Please count how many lines below contain the word "pixels" and give nothing but that figure.

-------- INPUT --------

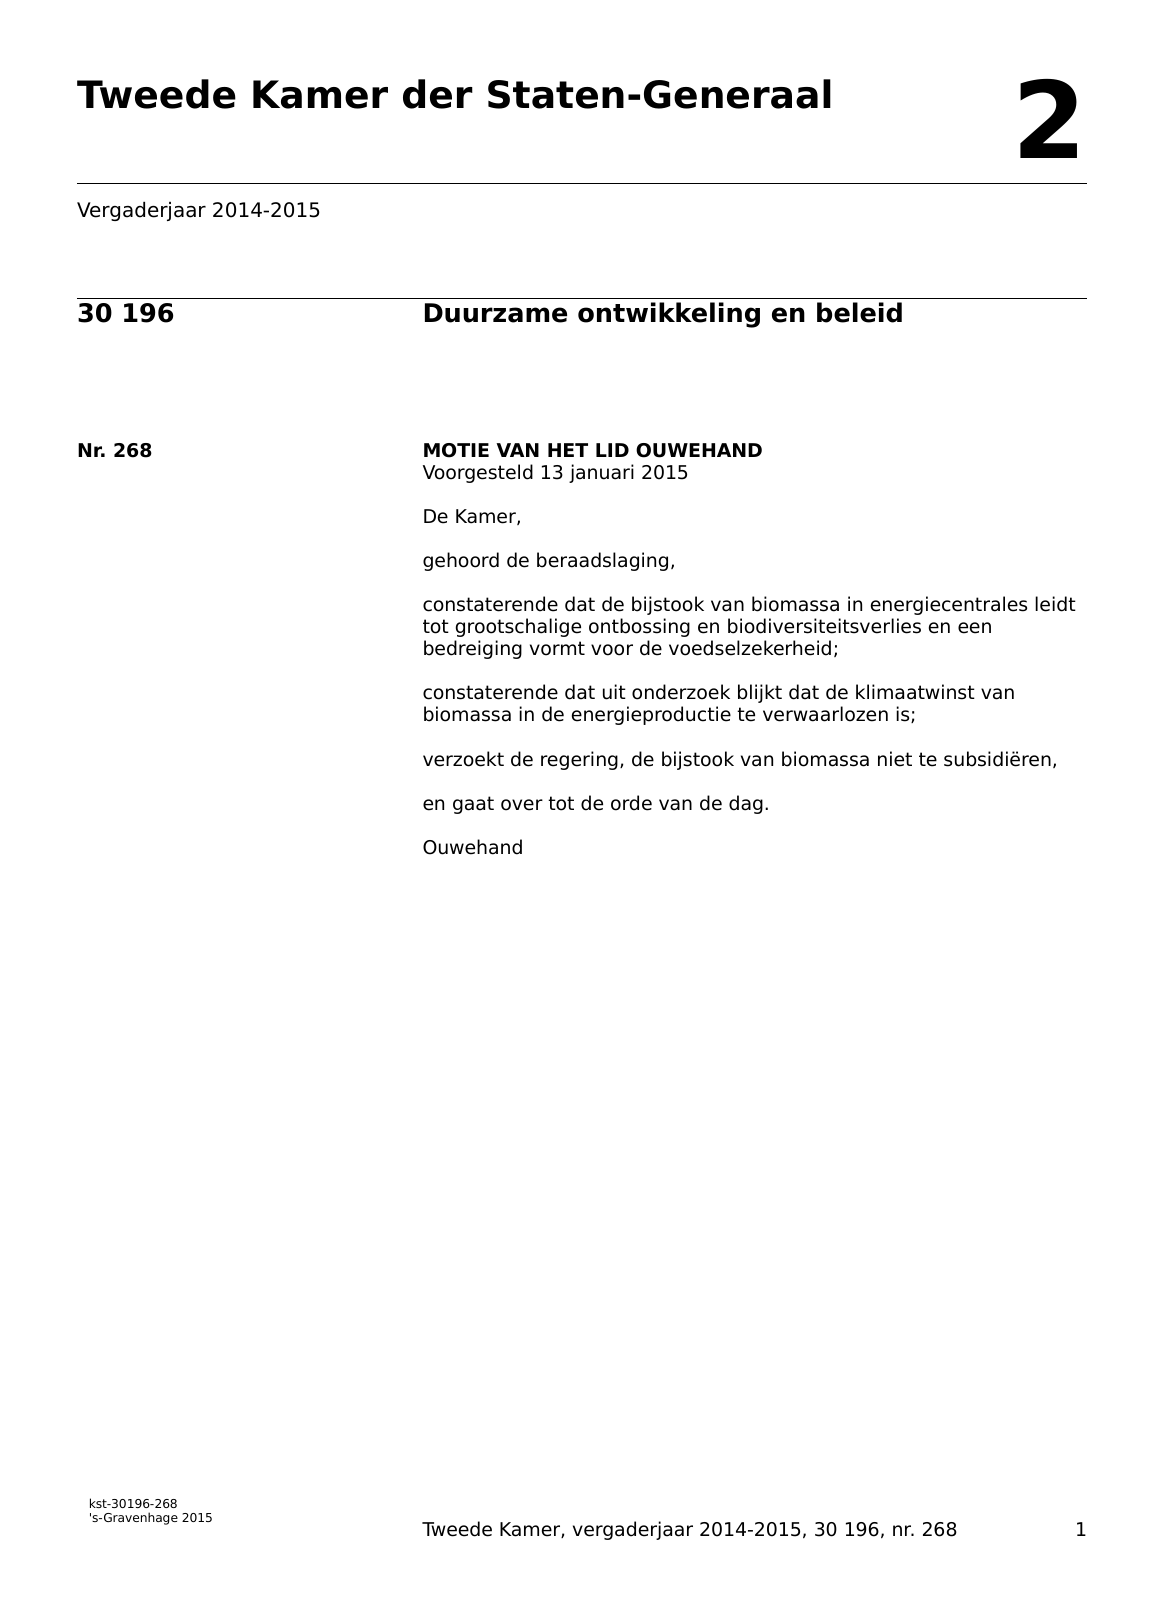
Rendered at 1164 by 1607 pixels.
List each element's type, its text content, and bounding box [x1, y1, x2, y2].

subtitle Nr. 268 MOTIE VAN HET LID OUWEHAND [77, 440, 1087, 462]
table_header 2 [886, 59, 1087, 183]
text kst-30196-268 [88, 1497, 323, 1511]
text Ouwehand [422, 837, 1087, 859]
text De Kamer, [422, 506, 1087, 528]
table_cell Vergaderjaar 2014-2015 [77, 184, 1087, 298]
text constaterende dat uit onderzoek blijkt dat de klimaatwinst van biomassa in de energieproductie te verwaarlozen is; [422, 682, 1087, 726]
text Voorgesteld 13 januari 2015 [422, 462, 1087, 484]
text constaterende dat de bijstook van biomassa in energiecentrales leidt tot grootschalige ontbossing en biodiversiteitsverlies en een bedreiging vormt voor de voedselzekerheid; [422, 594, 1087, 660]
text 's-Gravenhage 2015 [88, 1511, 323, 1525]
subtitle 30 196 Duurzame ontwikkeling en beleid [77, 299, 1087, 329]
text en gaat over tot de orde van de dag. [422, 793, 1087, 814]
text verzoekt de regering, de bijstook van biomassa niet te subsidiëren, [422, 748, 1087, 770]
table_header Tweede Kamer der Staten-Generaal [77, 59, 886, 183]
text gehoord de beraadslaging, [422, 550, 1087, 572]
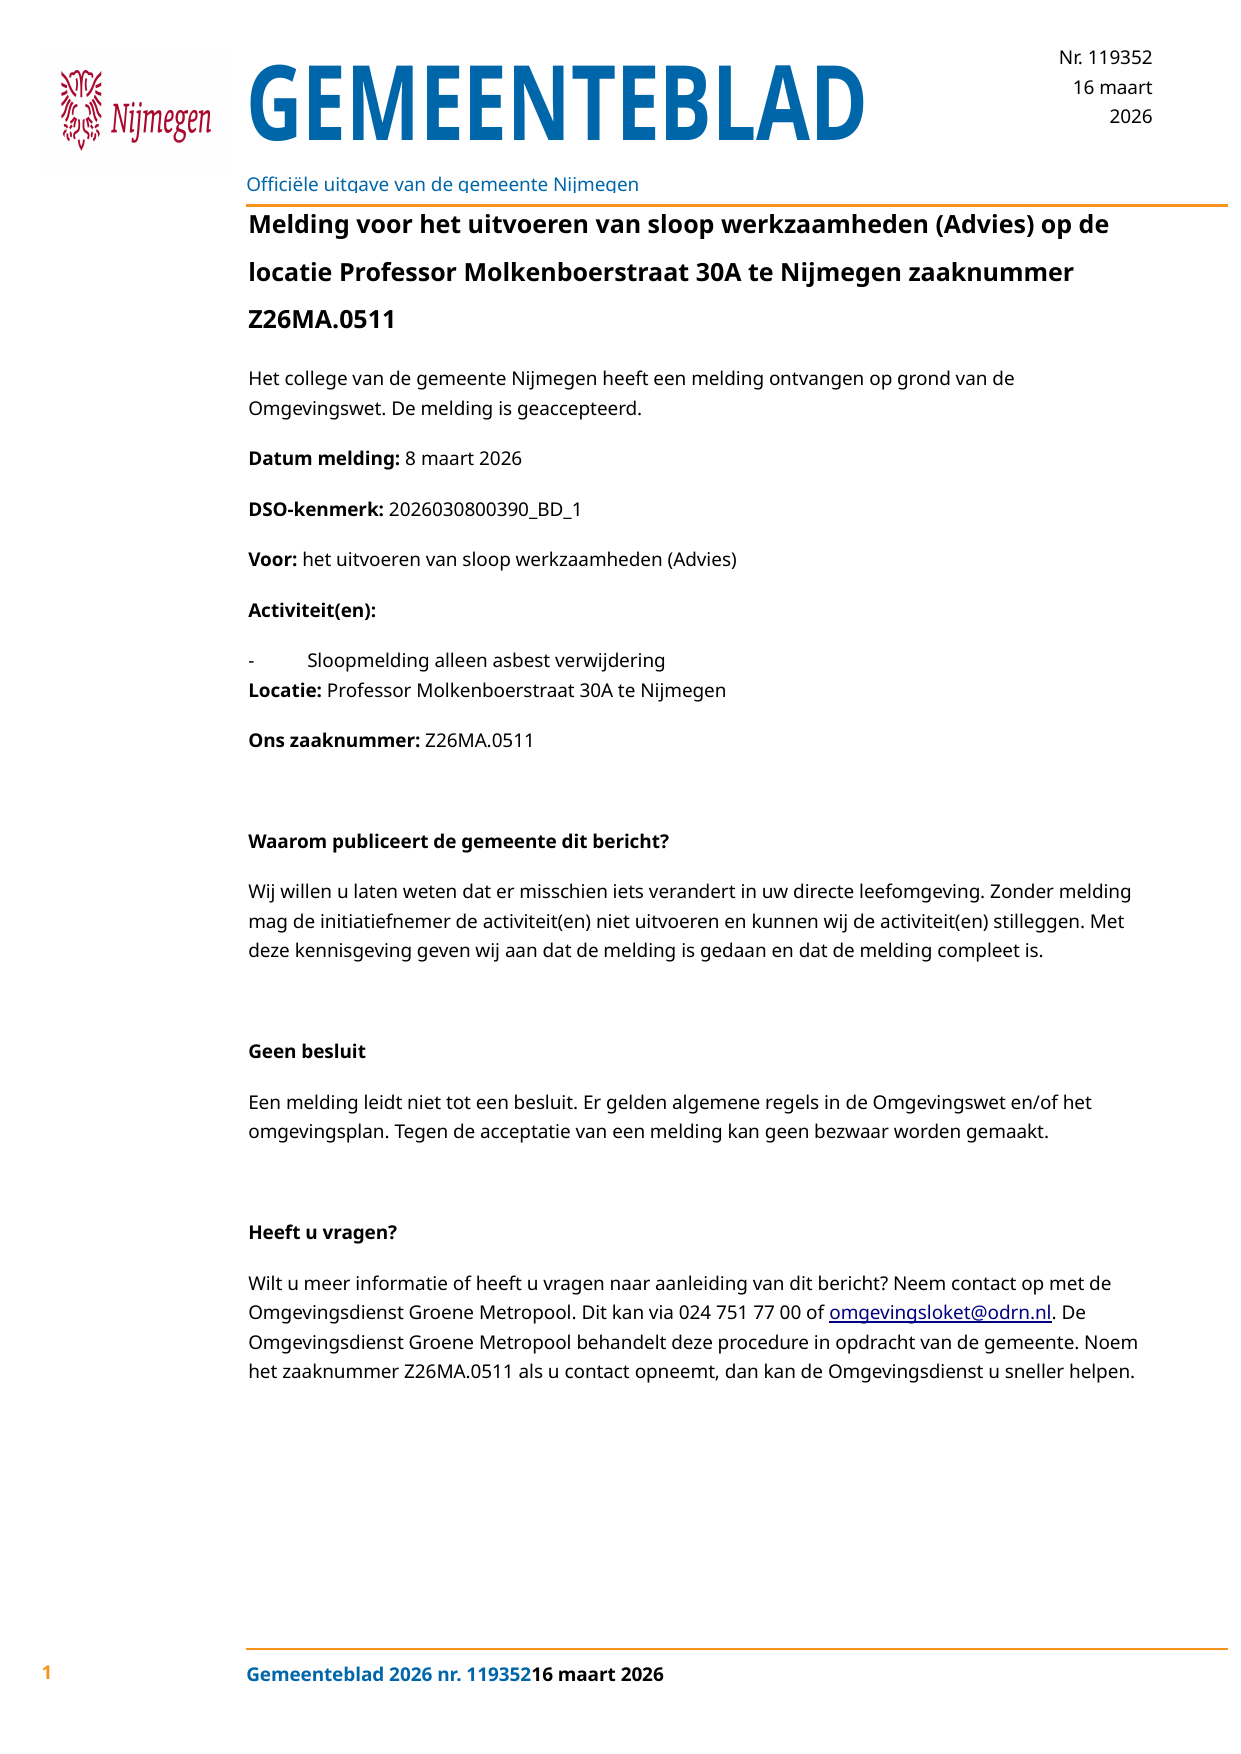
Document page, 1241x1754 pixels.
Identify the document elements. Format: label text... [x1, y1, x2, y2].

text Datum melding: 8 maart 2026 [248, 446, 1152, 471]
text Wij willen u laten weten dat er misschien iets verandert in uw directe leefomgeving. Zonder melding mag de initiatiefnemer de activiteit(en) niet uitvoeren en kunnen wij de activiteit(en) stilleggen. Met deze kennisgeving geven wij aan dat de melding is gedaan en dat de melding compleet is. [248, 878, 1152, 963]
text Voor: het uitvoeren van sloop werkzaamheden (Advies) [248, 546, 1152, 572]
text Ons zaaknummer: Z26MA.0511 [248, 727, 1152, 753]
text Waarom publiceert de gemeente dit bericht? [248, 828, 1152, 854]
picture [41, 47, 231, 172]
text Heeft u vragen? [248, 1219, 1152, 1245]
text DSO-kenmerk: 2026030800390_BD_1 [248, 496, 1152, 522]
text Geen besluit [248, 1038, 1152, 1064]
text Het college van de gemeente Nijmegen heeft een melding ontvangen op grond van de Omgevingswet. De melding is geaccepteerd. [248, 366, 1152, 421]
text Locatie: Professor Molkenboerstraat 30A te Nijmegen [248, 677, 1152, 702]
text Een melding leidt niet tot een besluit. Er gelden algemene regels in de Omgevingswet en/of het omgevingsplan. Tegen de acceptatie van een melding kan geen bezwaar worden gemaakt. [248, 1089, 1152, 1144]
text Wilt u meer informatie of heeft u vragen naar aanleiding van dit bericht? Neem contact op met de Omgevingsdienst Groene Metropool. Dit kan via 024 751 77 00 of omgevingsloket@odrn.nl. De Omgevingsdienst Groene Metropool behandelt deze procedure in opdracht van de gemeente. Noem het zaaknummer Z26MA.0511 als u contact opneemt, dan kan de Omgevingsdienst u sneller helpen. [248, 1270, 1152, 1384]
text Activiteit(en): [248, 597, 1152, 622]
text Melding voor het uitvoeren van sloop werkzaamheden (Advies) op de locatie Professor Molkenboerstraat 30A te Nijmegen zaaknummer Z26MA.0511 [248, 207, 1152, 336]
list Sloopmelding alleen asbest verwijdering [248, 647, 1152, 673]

--------
-------- INPUT --------

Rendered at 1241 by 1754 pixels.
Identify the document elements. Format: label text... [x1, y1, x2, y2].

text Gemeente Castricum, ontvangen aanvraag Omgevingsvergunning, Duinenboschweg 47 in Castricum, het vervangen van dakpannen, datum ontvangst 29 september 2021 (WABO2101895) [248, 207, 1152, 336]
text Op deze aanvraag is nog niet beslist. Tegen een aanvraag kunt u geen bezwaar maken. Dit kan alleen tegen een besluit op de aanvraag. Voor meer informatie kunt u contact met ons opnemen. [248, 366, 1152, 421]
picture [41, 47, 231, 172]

--------
-------- INPUT --------

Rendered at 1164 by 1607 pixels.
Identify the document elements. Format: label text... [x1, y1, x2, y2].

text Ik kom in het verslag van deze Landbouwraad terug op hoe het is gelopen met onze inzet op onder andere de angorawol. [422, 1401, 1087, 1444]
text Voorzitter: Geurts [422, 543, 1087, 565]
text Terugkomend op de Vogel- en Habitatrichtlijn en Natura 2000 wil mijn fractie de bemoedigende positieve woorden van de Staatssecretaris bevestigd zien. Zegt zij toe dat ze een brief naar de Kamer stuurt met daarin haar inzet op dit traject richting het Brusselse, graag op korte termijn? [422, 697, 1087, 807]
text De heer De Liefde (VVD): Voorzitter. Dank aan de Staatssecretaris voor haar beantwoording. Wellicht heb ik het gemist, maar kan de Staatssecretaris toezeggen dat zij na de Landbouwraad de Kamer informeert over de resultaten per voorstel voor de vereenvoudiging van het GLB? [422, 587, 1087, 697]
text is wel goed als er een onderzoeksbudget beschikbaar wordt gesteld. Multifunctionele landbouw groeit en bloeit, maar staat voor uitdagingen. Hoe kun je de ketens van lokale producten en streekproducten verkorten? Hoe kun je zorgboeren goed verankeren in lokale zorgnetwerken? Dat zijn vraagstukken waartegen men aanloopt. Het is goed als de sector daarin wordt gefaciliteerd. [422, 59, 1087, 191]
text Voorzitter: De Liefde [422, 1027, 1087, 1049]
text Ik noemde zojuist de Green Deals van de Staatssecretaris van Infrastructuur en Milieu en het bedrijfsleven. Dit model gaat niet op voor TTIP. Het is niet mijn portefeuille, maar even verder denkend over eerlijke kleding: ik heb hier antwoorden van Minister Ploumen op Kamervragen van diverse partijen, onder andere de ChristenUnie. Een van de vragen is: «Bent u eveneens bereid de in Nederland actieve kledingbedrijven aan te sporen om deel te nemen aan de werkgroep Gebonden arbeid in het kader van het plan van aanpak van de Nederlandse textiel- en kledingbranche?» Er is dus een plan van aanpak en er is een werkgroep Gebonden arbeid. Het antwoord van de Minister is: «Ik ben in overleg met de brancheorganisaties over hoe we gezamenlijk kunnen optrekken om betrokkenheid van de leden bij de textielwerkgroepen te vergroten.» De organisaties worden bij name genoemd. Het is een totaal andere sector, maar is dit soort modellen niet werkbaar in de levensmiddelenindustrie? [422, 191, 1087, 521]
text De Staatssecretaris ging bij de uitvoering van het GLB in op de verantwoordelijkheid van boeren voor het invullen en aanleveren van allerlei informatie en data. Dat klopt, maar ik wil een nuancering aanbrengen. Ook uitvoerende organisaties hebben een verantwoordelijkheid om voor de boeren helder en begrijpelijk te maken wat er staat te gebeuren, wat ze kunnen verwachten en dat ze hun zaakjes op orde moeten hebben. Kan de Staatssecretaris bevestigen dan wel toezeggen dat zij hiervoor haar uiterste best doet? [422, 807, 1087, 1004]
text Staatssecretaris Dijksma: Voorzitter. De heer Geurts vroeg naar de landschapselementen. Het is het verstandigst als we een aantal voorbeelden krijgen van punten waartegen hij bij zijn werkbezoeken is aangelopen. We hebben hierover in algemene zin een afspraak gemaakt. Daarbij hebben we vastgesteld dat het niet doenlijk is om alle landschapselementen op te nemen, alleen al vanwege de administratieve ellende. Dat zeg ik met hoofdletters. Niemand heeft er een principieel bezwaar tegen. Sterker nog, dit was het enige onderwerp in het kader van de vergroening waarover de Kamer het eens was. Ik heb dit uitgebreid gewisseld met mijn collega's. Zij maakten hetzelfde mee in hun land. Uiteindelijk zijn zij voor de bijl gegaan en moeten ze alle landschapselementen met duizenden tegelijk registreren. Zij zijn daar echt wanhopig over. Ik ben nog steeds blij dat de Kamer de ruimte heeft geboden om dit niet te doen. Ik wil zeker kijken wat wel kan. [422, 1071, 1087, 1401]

--------

RESPONSE TO THIS EXERCISE >> 4